To tackle the above-mentioned issues, we highlight three central components in our study, namely GNN design space, GNN task space, and design space evaluation.
GNN design space. We define a general design space of GNNs over intra-layer design, inter-layer design and learning configuration, as is shown in Figure 1(a). The design space consists of 12 design dimensions, resulting in 315K possible designs. We aim to cover many rather than all possible design dimensions in the design space. Our purpose is not to propose the best possible GNN design space, but to demonstrate how focusing on the design space rather than individual designs can enhance GNN research.
GNN task space. We propose a quantitative task similarity metric to characterize different tasks, as is shown in Figure 1(b). Specifically, the similarity between 2 tasks is computed by applying a fix set of GNNs to 2 tasks then measuring the Kendall rank correlation [1] of the performance of these GNNs. We consider 32 tasks consists of (1) synthetic tasks including 12 node classification tasks and 8 graph classification tasks, (2) real-world tasks including 6 node classification and 6 graph classification tasks.

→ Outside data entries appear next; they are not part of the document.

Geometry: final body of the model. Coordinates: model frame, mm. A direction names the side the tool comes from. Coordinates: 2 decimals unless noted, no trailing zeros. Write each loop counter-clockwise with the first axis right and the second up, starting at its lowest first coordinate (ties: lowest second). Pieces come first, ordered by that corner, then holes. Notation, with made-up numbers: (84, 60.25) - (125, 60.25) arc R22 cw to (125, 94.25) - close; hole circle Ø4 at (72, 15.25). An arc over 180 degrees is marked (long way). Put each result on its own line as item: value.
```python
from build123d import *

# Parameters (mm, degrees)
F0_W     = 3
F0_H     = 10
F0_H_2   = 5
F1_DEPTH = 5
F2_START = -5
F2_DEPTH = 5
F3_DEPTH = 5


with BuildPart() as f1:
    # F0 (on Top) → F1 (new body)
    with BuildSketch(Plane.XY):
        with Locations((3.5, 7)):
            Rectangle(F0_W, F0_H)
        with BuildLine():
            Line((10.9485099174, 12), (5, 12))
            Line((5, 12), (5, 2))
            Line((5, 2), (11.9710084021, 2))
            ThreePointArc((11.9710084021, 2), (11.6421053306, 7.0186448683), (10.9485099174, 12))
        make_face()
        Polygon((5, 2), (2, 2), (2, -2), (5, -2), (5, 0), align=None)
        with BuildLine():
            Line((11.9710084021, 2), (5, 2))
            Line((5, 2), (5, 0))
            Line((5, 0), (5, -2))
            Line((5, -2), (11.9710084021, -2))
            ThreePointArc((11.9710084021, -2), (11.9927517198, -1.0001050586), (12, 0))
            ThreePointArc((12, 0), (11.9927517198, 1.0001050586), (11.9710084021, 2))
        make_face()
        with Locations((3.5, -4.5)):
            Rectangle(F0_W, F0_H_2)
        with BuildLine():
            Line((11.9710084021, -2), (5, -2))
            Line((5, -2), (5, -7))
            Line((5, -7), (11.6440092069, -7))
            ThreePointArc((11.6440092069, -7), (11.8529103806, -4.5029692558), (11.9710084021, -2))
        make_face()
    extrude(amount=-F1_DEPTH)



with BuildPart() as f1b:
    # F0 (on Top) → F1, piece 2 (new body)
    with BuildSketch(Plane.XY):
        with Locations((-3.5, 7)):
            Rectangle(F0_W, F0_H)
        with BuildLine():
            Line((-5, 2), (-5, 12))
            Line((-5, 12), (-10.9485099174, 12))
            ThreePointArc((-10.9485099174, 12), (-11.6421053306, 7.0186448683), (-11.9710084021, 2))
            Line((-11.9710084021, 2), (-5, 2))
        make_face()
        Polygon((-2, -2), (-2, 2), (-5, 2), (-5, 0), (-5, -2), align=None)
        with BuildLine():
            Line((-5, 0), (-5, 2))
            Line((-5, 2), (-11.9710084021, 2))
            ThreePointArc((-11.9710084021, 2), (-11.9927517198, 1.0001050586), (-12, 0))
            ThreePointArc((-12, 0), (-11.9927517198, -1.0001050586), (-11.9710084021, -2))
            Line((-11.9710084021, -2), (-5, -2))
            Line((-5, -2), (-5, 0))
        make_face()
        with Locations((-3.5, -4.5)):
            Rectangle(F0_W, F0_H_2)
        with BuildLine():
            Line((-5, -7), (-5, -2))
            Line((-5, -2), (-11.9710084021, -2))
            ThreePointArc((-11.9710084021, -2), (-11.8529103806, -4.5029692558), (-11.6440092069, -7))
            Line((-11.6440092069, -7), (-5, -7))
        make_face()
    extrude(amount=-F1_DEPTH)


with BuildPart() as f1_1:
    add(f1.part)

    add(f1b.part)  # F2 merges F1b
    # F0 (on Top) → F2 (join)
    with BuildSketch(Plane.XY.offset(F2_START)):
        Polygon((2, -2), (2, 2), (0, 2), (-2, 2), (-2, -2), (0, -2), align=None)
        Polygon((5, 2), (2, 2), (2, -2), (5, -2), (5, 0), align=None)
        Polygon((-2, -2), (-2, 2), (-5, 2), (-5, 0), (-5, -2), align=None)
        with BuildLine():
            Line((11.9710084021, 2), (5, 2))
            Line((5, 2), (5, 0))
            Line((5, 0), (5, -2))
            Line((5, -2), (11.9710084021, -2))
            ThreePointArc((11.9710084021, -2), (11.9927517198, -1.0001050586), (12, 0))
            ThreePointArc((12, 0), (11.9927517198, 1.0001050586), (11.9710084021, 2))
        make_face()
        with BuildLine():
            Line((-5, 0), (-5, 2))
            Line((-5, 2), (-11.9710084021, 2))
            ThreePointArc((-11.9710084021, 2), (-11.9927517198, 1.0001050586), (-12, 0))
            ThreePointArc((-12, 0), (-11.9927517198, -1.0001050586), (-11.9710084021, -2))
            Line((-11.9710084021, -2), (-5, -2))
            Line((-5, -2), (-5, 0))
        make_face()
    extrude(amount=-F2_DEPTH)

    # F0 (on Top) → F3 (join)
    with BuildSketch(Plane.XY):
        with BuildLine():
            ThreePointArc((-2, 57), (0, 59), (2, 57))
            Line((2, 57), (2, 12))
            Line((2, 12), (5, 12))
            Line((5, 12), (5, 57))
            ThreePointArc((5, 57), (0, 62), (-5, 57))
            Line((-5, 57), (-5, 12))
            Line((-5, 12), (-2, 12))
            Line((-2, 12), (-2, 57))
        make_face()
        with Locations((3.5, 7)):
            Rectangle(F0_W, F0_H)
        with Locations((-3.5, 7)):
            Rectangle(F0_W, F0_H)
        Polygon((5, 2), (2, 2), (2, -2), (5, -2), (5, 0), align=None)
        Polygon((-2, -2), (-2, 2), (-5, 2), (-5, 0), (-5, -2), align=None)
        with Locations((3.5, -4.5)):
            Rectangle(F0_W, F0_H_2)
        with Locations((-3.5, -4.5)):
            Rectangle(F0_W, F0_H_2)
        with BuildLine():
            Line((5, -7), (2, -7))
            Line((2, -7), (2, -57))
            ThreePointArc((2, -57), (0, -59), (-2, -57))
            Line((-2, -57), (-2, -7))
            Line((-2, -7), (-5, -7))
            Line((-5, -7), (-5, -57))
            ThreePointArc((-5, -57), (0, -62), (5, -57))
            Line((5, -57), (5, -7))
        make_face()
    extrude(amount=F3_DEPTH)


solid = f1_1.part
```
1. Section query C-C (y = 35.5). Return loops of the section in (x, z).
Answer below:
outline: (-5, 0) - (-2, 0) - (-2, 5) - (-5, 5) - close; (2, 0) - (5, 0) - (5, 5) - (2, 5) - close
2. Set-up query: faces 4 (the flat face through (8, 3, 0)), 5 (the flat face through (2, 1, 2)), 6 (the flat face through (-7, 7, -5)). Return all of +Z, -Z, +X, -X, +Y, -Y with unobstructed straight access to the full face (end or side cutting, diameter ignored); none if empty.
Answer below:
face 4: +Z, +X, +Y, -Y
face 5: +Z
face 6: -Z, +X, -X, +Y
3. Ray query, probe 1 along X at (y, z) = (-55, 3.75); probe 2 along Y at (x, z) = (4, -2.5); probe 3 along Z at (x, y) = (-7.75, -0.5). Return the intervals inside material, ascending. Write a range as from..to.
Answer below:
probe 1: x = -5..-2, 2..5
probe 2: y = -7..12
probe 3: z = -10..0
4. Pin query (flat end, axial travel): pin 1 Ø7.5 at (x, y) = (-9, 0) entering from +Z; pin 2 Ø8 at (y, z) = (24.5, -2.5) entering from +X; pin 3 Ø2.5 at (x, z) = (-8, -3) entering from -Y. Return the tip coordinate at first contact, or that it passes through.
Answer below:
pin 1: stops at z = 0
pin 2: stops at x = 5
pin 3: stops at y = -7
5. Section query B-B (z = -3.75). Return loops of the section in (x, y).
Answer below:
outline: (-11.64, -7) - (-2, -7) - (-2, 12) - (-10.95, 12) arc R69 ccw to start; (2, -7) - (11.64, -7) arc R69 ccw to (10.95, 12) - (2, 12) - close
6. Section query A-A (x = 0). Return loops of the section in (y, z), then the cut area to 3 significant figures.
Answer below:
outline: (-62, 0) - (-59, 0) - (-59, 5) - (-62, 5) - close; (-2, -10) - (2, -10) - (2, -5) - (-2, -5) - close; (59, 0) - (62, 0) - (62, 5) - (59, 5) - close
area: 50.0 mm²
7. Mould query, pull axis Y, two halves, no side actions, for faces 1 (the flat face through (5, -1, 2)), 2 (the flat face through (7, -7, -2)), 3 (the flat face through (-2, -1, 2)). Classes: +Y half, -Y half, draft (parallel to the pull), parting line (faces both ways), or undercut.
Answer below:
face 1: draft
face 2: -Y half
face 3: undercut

Design space evaluation. Our goal is to gain insights from the defined GNN design space, such as “Is Batch Normalization generally useful for GNNs?”. However, the defined design space and task space leads to over 10M possible combinations, prohibiting a full grid search. We design a controlled random search evaluation to efficiently understand the trade-offs of each design dimension, illustrated in Figure 2.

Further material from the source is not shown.